1.4.2. Democracia participativa

Um tema central na agenda de países em todo o mundo, notadamente naqueles em desenvolvimento, está relacionado aos processos de participação social e, conseguintemente, em suas repercussões em aspectos-chaves como na economia, na política, na cultura e, de forma mais ampla, no desenvolvimento humano.

Tal situação toma relevância ainda maior ao considerarmos o contexto de crise de Estado diante da crescente demanda por novas formas de participação social, paradoxalmente oposta à crônica incapacidade desse Estado em atender a referida demanda.
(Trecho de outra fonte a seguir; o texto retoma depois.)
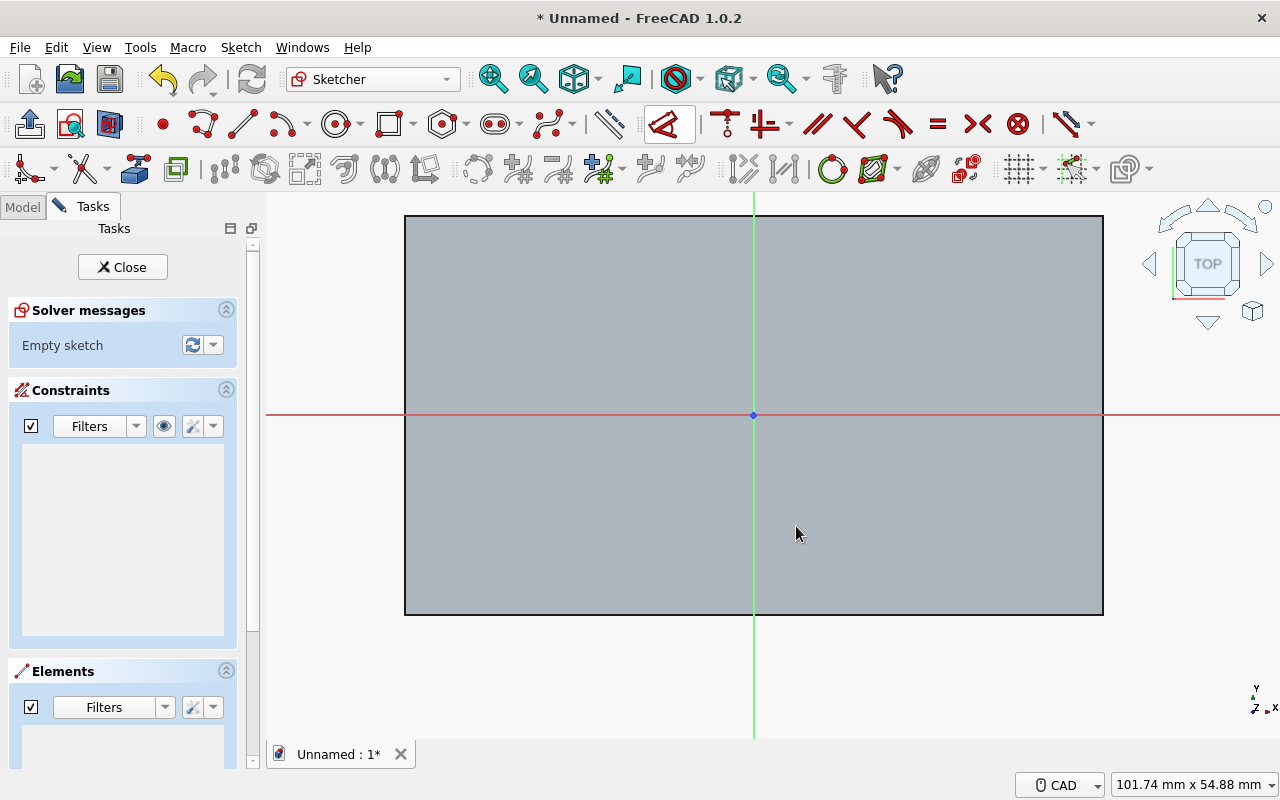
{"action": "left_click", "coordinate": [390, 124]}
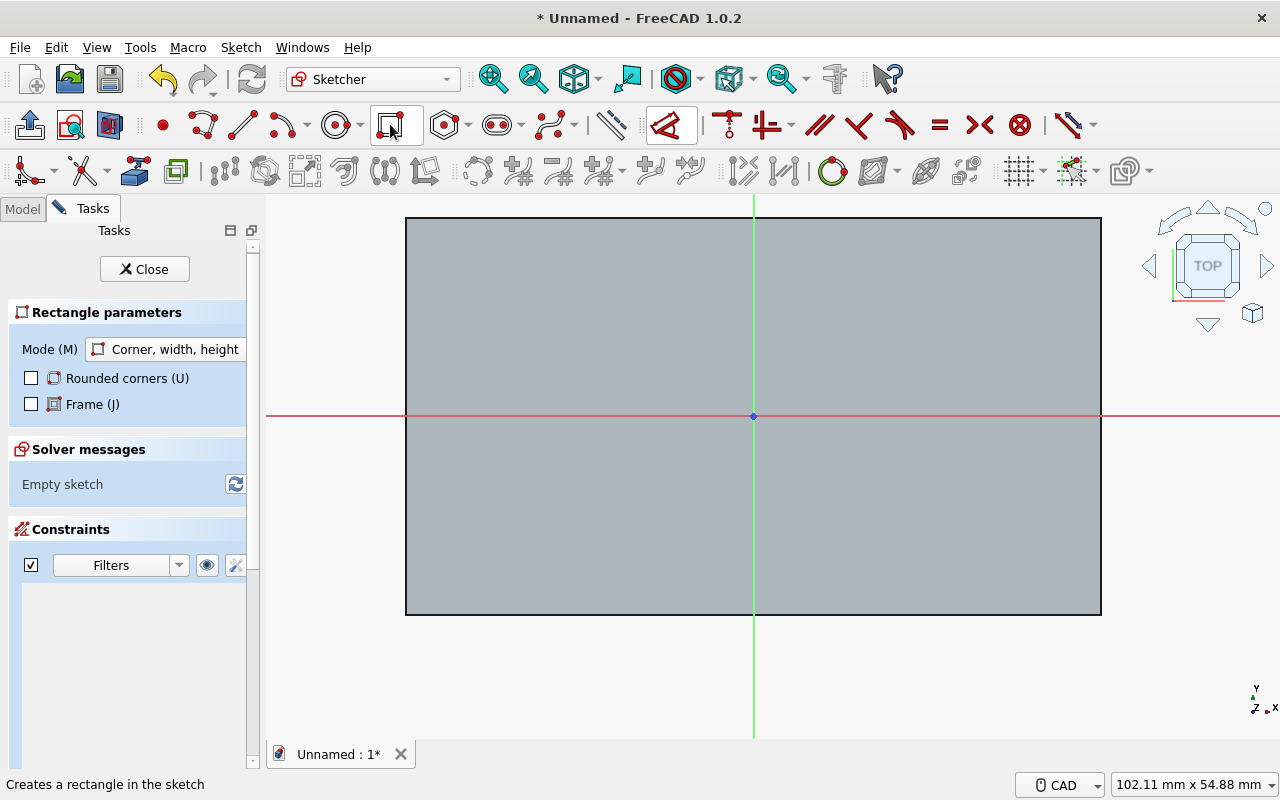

No caso da América Latina, percebe-se um enorme paradoxo. De um lado observa-se certa estabilidade democrática, expressa, principalmente, nas mais de duas décadas de governos democráticos. Por outro lado, em que pese essa importante característica, a região enfrenta uma crescente crise social, alimentada por profundas desigualdades sociais, níveis elevados de pobreza e crescimento econômico insuficiente, o que leva a demonstrações constantes de descontentamento popular com a condução dos governos. (mesmo que democráticos), o que pode ser entendido como circunstâncias desestabilizadoras21.

Segundo Relatório divulgado em 2005 pela Rede Interamericana para a Democracia, nomeado Índice de Participação Cidadã na América Latina, nos anos 80, no início da Terceira Onda no desenvolvimento das democracias, o debate esteve centrado nos valores, as instituições e os processos de transição para a democracia. Os países deixavam atrás uma longa história de oscilações pendulares entre os extremos do autoritarismo e a democracia. A redefinição da cidadania política, a reestruturação do Estado democrático, o acesso aos direitos, a afirmação dos direitos humanos e as liberdades públicas e a reestruturação dos partidos políticos e as instituições republicanas, concentraram a atenção dos especialistas, dos partidos e movimentos sociais. (RID, 2005, p. 5).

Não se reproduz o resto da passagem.